On Fri, Nov 11, 2022 at 3:05 AM Franck VEDEL <franck.vedel@univ-grenoble-alpes.fr> wrote:

Thanks for your help, really.
My cluster: 2 controllers nodes, OVS, L3-HA.
All nodes had to be rebooted
All is working for example with external networks (so dhcp on external networks).
There are no dead containers, all seems ok.

I try to create a new instance on a L3 network. No ERROR in neutron*.log.
The only error is nova-api.log:

Example:
2022-11-11 08:45:54.452 42 ERROR oslo.messaging._drivers.impl_rabbit [-] [8b6fd776-f096-4c8a-927e-88225a3adb43] AMQP server on 10.0.5.109:5672 is unreachable: <RecoverableConnectionError: unknown error>. Trying again in 1 seconds.: amqp.exceptions.RecoverableConnectionError: <RecoverableConnectionError: unknown error>

But on the first node (10.0.5.109 on the internal network) « netstat -atnp |wc-l » ———>>> 505 connections

Sounds to me like Rabbit is broken. This could also be an issue with NTP which I asked about earlier. Did you confirm your systems are all correctly synced to the same time source?

You can check the status of rabbit on each control node with:

docker exec -it rabbitmq rabbitmqctl cluster_status

Output should show the same on both of your controllers. If not, restart your rabbit containers.
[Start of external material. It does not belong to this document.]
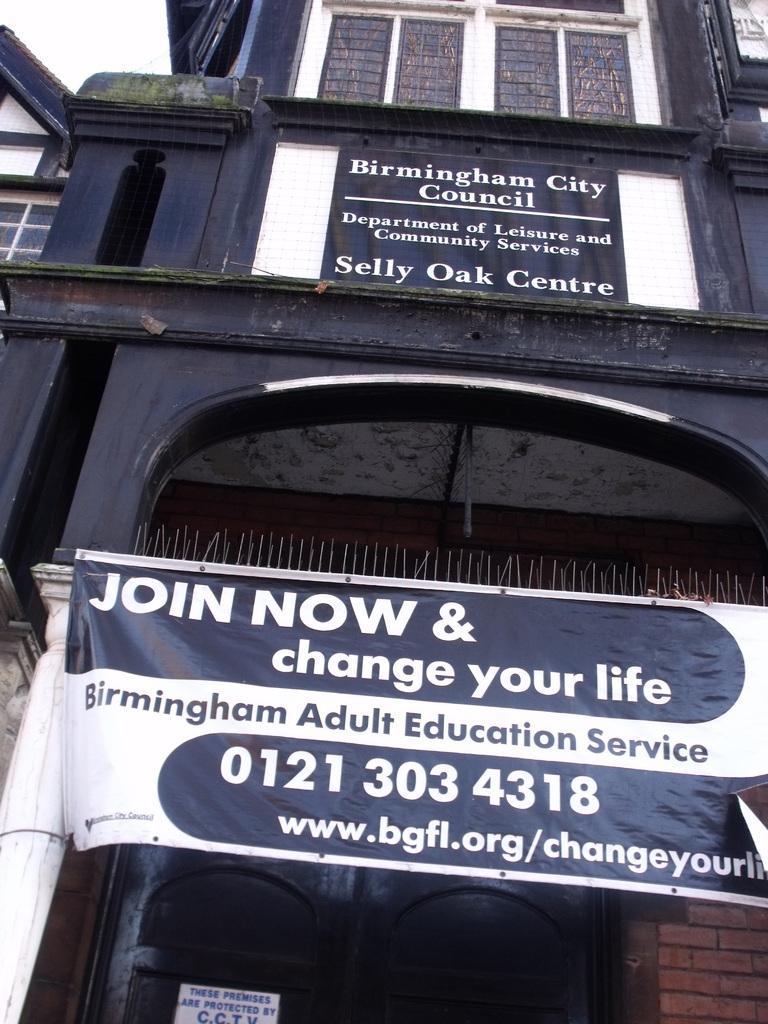In one or two sentences, can you explain what this image depicts? This picture is clicked outside. In the center there is a banner on which the text is printed and we can see a blue color building and we can see the text on the building and we can see the windows and the sky.

If they won't come back properly, you could destroy and redeploy just those two containers l

On both controllers do:

docker rm rabbitmq

docker volume rm rabbitmq

Then kolla-ansible --tags rabbitmq deploy

So…. if I backup /etc/kolla, my glance images, my configuration files…
if a do « koll-ansible destroy », is next step « kolla-ansible bootstraps…. » and preaches, and deploy,
or directly deploy ?

What’s the difference with cleanup-containers ?

You don't need to bootstrap again. That just installs prerequisites which won't get removed from the destroy. Just go right to doing kolla-ansible deploy again. Do remember this will give you a brand new Openstack with nothing preserved from before.
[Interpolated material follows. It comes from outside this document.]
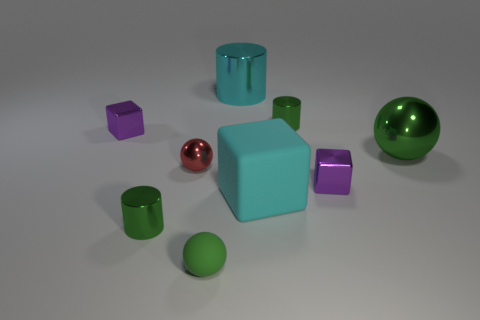Add 1 shiny cylinders. How many objects exist? 10 Subtract all cyan metallic cylinders. How many cylinders are left? 2 Subtract all cylinders. How many objects are left? 6 Subtract 1 cylinders. How many cylinders are left? 2 Subtract all purple balls. How many green cylinders are left? 2 Subtract all small gray cylinders. Subtract all cyan shiny cylinders. How many objects are left? 8 Add 4 purple objects. How many purple objects are left? 6 Add 8 large shiny cylinders. How many large shiny cylinders exist? 9 Subtract all red spheres. How many spheres are left? 2 Subtract 0 purple spheres. How many objects are left? 9

cleanup-containers alone may leave behind some docker tweaks that Neutron needs. It probably doesn't matter if you're going to just redeploy the same configuration though so go ahead and use that instead.

-Erik

I use this openstack cluster for my students, I have a month to get it working again. I could reinstall everything (and change the operating system) but I don't have time for that.
So I can lose all the users data, if I have my glance images, my flavors, the configuration to hang the ldap, the certificates, I think it will be ok.

Franck VEDEL

Are you asking how to completely zero out your entire cluster and rebuild it? That seems a bit drastic.

kolla-ansible destroy will nuke everything. Take a backup of /etc/kolla (or wherever your inventory / globals.yml / passwords/yml is) first. Older versions removed some things there when running destroy and I can't recall when / if that changed.

How many controllers do you have?

Are you using OVS, OVN, or something else?

Are you using L3-HA? DVR?

Did all nodes have to be rebooted? If not, then which ones?

Have you confirmed there are no dead containers on any controllers? ( docker ps -a )

Have you looked in logs for ERROR messages? In particular: neutron-server.log, neutron-dhcp-agent.log, nova-api.log, and nova-compute.log ?

Strange things happen when time is out of sync. Verify all the nodes synced properly to an NTP server. Big symptom of this is 'openstack hypervisor list' will show hosts going up and down every few seconds.